Last April, in its initial response to the EO, DOE listed 10 accomplished or proposed significant changes resulting from retrospective reviews of specific regulations. These included an 18-month extension of a new energy-efficiency rule that would cost as much as $500 million to implement and would significantly interrupt industry research and development efforts; a notice of proposed rulemaking considering the use alternative efficiency determination methods such as computer modeling to reduce testing burden and eliminate many millions of dollars of testing costs; a proposed rule to amend existing National Environmental Policy Act regulations affecting categorical exclusions, which could save taxpayers as much as $100 million over 10 years; issuance of guidance on a “change in course” in how DOE intends to enforce existing water conservation standards for showerheads to avoid needless “economic dislocation” carrying a cost that some industry representatives estimated at $400 million; and a test procedure for fluorescent lamp ballasts that reduces testing burdens and is expected to reduce laboratory costs by 50 percent.
DOE concedes that it is difficult to be certain of the consequences of a rule, including its costs and benefits, unit it has been tested. Because knowledge about the full effects of a rule is widely dispersed in society, DOE continues, members of the public are likely to have useful information and perspectives on the benefits and burdens of existing requirements and what kinds of changes would be most effective. “In short, engaging the public in an open transparent process is a crucial step in DOE’s review of its existing regulations,” says DOE.
The RFI includes 10 questions intended to assist the public in providing feedback on regulations. Among the questions: How can DOE identify rules that are most in need of change? Are there outdated reporting requirements that should be modernized? Does DOE currently collect information it does not need? Are there regulations, reporting requirements, or regulatory processes that are unnecessarily complicated and warrant streamlining?
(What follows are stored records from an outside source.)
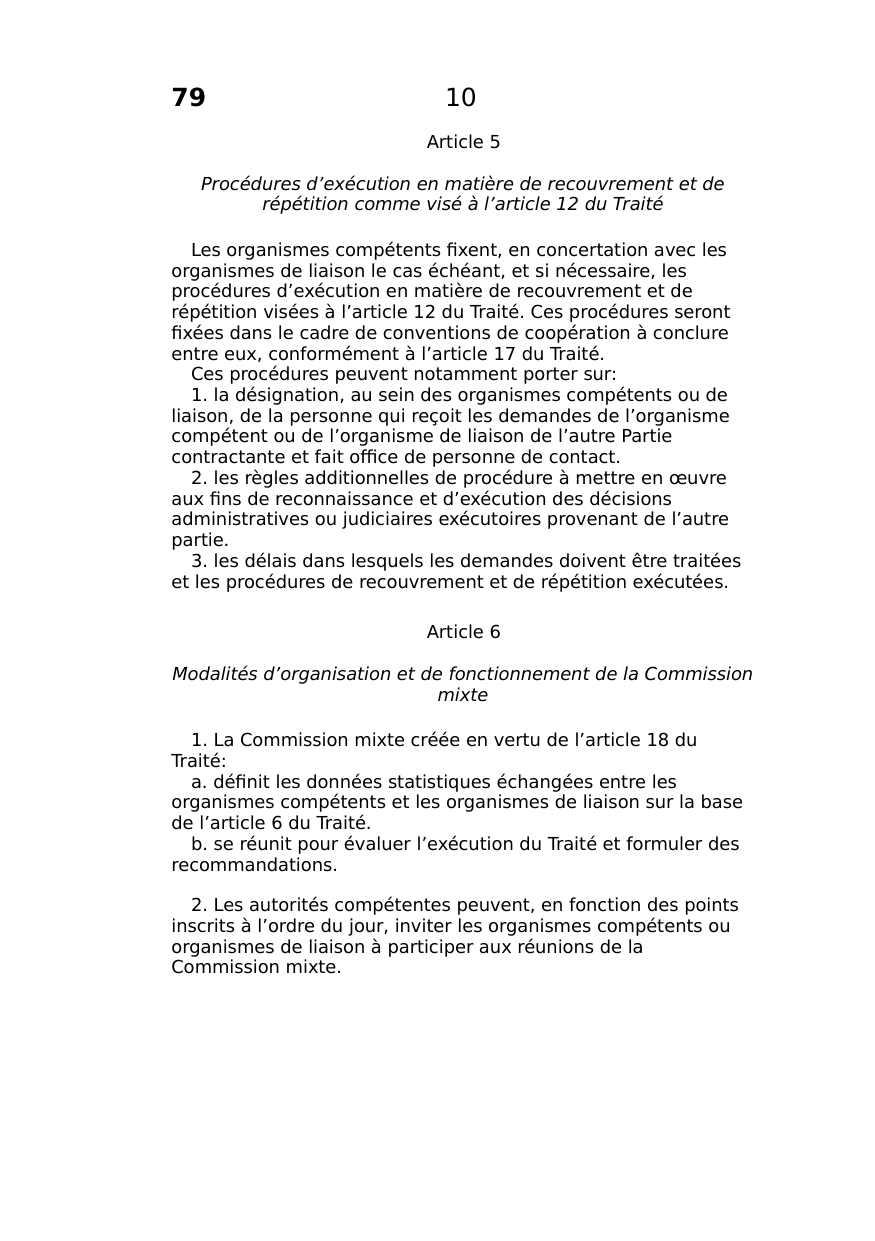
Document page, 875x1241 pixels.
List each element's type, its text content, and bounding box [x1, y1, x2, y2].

text Les organismes compétents fixent, en concertation avec les organismes de liaison le cas échéant, et si nécessaire, les procédures d’exécution en matière de recouvrement et de répétition visées à l’article 12 du Traité. Ces procédures seront fixées dans le cadre de conventions de coopération à conclure entre eux, conformément à l’article 17 du Traité. [171, 240, 756, 364]
text a. définit les données statistiques échangées entre les organismes compétents et les organismes de liaison sur la base de l’article 6 du Traité. [171, 772, 756, 834]
subtitle Article 5 Procédures d’exécution en matière de recouvrement et de répétition comme visé à l’article 12 du Traité [171, 132, 756, 215]
text b. se réunit pour évaluer l’exécution du Traité et formuler des recommandations. [171, 834, 756, 875]
text Ces procédures peuvent notamment porter sur: [171, 364, 756, 385]
text 2. Les autorités compétentes peuvent, en fonction des points inscrits à l’ordre du jour, inviter les organismes compétents ou organismes de liaison à participer aux réunions de la Commission mixte. [171, 895, 756, 978]
text 1. la désignation, au sein des organismes compétents ou de liaison, de la personne qui reçoit les demandes de l’organisme compétent ou de l’organisme de liaison de l’autre Partie contractante et fait office de personne de contact. [171, 385, 756, 468]
text 3. les délais dans lesquels les demandes doivent être traitées et les procédures de recouvrement et de répétition exécutées. [171, 551, 756, 592]
text 1. La Commission mixte créée en vertu de l’article 18 du Traité: [171, 730, 756, 772]
subtitle Article 6 Modalités d’organisation et de fonctionnement de la Commission mixte [171, 622, 756, 705]
text 2. les règles additionnelles de procédure à mettre en œuvre aux fins de reconnaissance et d’exécution des décisions administratives ou judiciaires exécutoires provenant de l’autre partie. [171, 468, 756, 551]
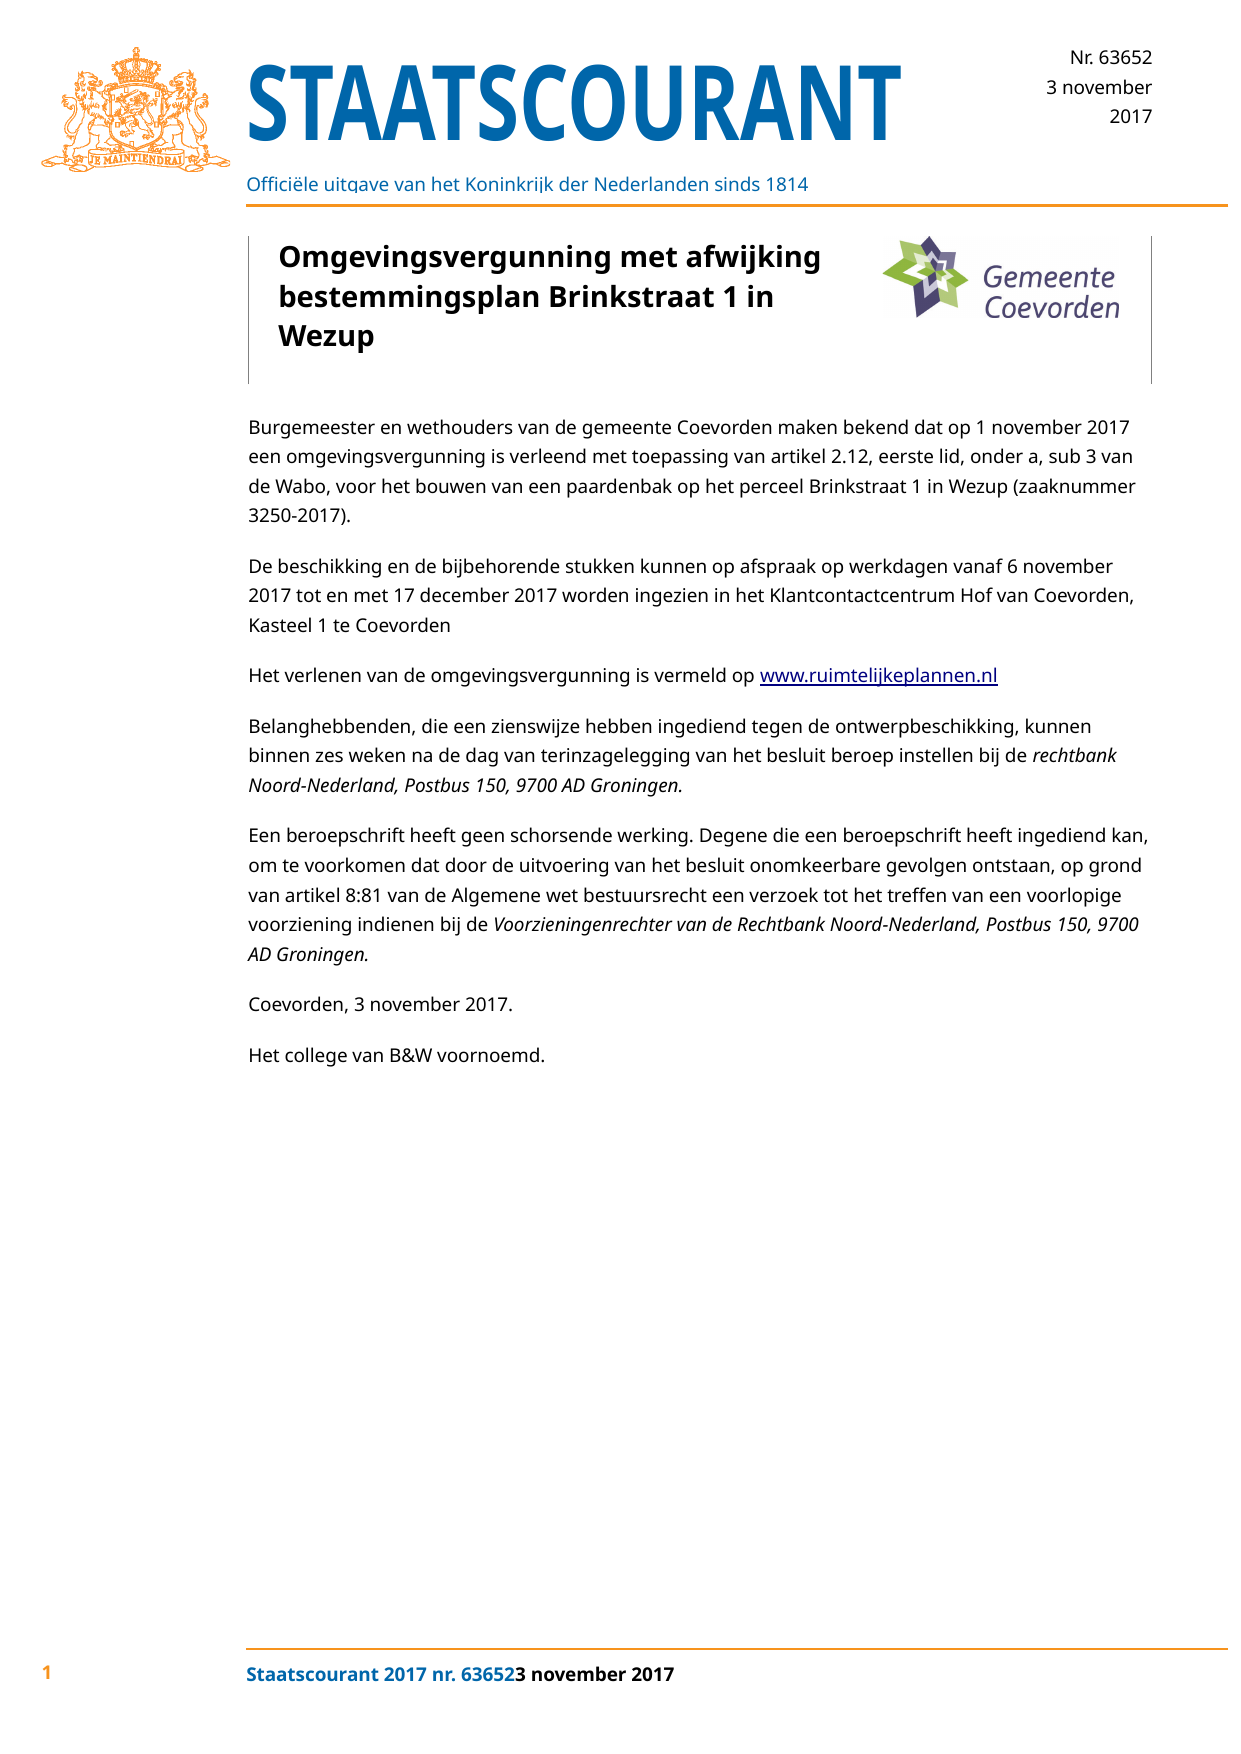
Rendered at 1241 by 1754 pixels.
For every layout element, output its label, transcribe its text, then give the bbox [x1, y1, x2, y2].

Are there regulations that are working well and that can be expanded or used as a model to fill gaps in other DOE regulatory programs?
DOE is requesting comments and information by May 29, 2012; however, DOE indicates that it “is always open to receiving information about the impact of its regulations.”
DOE’s RFI was published in the May 15, 2012, FR. DOE’s Preliminary Plan for Retrospective Analysis of Existing Rules is at http://www.whitehouse.gov/files/documents/2011-regulatory-action-plans/DepartmentofEnergyPreliminaryRegulatoryReformPlan.pdf.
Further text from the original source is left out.